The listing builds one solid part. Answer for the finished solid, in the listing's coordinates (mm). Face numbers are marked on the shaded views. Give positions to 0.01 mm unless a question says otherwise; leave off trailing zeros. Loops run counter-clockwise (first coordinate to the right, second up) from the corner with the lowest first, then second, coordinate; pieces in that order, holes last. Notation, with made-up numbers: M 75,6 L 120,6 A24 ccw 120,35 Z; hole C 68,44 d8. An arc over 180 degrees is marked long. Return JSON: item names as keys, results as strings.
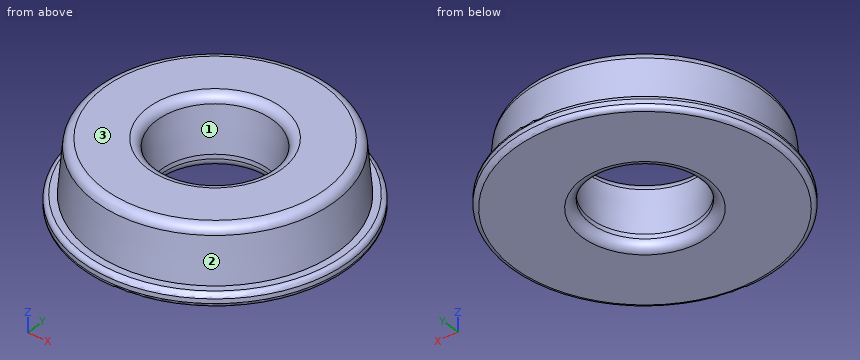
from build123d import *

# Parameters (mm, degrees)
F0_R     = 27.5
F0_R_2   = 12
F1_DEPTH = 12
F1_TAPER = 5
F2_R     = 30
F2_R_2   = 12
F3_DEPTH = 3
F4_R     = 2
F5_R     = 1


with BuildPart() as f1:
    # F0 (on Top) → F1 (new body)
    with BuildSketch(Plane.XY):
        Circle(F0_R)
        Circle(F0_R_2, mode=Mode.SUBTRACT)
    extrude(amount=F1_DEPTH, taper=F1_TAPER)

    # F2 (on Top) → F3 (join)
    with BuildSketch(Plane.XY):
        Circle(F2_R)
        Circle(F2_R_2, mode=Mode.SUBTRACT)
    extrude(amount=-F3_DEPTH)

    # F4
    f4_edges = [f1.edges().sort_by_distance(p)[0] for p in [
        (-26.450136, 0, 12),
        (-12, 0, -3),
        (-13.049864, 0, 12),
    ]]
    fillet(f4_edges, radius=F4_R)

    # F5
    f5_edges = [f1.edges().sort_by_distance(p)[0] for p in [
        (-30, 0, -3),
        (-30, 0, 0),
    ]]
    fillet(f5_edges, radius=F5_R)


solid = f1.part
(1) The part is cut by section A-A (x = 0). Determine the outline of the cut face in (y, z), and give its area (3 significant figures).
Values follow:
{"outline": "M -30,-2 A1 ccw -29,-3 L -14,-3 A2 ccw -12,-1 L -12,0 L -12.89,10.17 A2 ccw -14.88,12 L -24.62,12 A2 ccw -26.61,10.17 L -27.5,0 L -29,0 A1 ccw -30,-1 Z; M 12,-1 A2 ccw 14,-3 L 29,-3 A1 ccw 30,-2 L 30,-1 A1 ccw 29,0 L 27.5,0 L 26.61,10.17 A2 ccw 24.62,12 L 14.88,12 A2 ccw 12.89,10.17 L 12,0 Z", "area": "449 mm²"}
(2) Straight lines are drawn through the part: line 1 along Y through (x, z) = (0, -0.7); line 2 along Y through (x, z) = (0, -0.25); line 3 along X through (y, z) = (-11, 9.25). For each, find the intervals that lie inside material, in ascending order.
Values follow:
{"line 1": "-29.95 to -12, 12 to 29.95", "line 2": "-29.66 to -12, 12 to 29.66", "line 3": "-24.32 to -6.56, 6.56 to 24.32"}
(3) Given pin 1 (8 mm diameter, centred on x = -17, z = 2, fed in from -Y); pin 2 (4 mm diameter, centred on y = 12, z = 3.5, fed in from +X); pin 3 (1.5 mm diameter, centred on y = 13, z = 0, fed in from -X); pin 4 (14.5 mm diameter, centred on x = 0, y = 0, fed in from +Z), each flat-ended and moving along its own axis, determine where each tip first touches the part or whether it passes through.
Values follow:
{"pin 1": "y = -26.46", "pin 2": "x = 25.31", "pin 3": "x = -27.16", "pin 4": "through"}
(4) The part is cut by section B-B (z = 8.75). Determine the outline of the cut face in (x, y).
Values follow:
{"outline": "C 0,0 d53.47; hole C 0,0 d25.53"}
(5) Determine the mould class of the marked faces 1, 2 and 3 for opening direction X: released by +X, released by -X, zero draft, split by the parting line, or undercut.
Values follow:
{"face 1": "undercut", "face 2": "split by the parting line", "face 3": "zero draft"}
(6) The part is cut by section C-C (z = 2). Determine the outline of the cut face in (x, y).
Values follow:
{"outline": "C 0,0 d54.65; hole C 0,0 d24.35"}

### [ACTION ITEM]
Although the records contain pictures, your copy should hold only the text, reproduced exactly.

### [YOUR RESPONSE]
The listing builds one solid part. Answer for the finished solid, in the listing's coordinates (mm). Face numbers are marked on the shaded views. Give positions to 0.01 mm unless a question says otherwise; leave off trailing zeros. Loops run counter-clockwise (first coordinate to the right, second up) from the corner with the lowest first, then second, coordinate; pieces in that order, holes last. Notation, with made-up numbers: M 75,6 L 120,6 A24 ccw 120,35 Z; hole C 68,44 d8. An arc over 180 degrees is marked long. Return JSON: item names as keys, results as strings.
from build123d import *

# Parameters (mm, degrees)
F0_R     = 27.5
F0_R_2   = 12
F1_DEPTH = 12
F1_TAPER = 5
F2_R     = 30
F2_R_2   = 12
F3_DEPTH = 3
F4_R     = 2
F5_R     = 1


with BuildPart() as f1:
    # F0 (on Top) → F1 (new body)
    with BuildSketch(Plane.XY):
        Circle(F0_R)
        Circle(F0_R_2, mode=Mode.SUBTRACT)
    extrude(amount=F1_DEPTH, taper=F1_TAPER)

    # F2 (on Top) → F3 (join)
    with BuildSketch(Plane.XY):
        Circle(F2_R)
        Circle(F2_R_2, mode=Mode.SUBTRACT)
    extrude(amount=-F3_DEPTH)

    # F4
    f4_edges = [f1.edges().sort_by_distance(p)[0] for p in [
        (-26.450136, 0, 12),
        (-12, 0, -3),
        (-13.049864, 0, 12),
    ]]
    fillet(f4_edges, radius=F4_R)

    # F5
    f5_edges = [f1.edges().sort_by_distance(p)[0] for p in [
        (-30, 0, -3),
        (-30, 0, 0),
    ]]
    fillet(f5_edges, radius=F5_R)


solid = f1.part
(1) The part is cut by section A-A (x = 0). Determine the outline of the cut face in (y, z), and give its area (3 significant figures).
Values follow:
{"outline": "M -30,-2 A1 ccw -29,-3 L -14,-3 A2 ccw -12,-1 L -12,0 L -12.89,10.17 A2 ccw -14.88,12 L -24.62,12 A2 ccw -26.61,10.17 L -27.5,0 L -29,0 A1 ccw -30,-1 Z; M 12,-1 A2 ccw 14,-3 L 29,-3 A1 ccw 30,-2 L 30,-1 A1 ccw 29,0 L 27.5,0 L 26.61,10.17 A2 ccw 24.62,12 L 14.88,12 A2 ccw 12.89,10.17 L 12,0 Z", "area": "449 mm²"}
(2) Straight lines are drawn through the part: line 1 along Y through (x, z) = (0, -0.7); line 2 along Y through (x, z) = (0, -0.25); line 3 along X through (y, z) = (-11, 9.25). For each, find the intervals that lie inside material, in ascending order.
Values follow:
{"line 1": "-29.95 to -12, 12 to 29.95", "line 2": "-29.66 to -12, 12 to 29.66", "line 3": "-24.32 to -6.56, 6.56 to 24.32"}
(3) Given pin 1 (8 mm diameter, centred on x = -17, z = 2, fed in from -Y); pin 2 (4 mm diameter, centred on y = 12, z = 3.5, fed in from +X); pin 3 (1.5 mm diameter, centred on y = 13, z = 0, fed in from -X); pin 4 (14.5 mm diameter, centred on x = 0, y = 0, fed in from +Z), each flat-ended and moving along its own axis, determine where each tip first touches the part or whether it passes through.
Values follow:
{"pin 1": "y = -26.46", "pin 2": "x = 25.31", "pin 3": "x = -27.16", "pin 4": "through"}
(4) The part is cut by section B-B (z = 8.75). Determine the outline of the cut face in (x, y).
Values follow:
{"outline": "C 0,0 d53.47; hole C 0,0 d25.53"}
(5) Determine the mould class of the marked faces 1, 2 and 3 for opening direction X: released by +X, released by -X, zero draft, split by the parting line, or undercut.
Values follow:
{"face 1": "undercut", "face 2": "split by the parting line", "face 3": "zero draft"}
(6) The part is cut by section C-C (z = 2). Determine the outline of the cut face in (x, y).
Values follow:
{"outline": "C 0,0 d54.65; hole C 0,0 d24.35"}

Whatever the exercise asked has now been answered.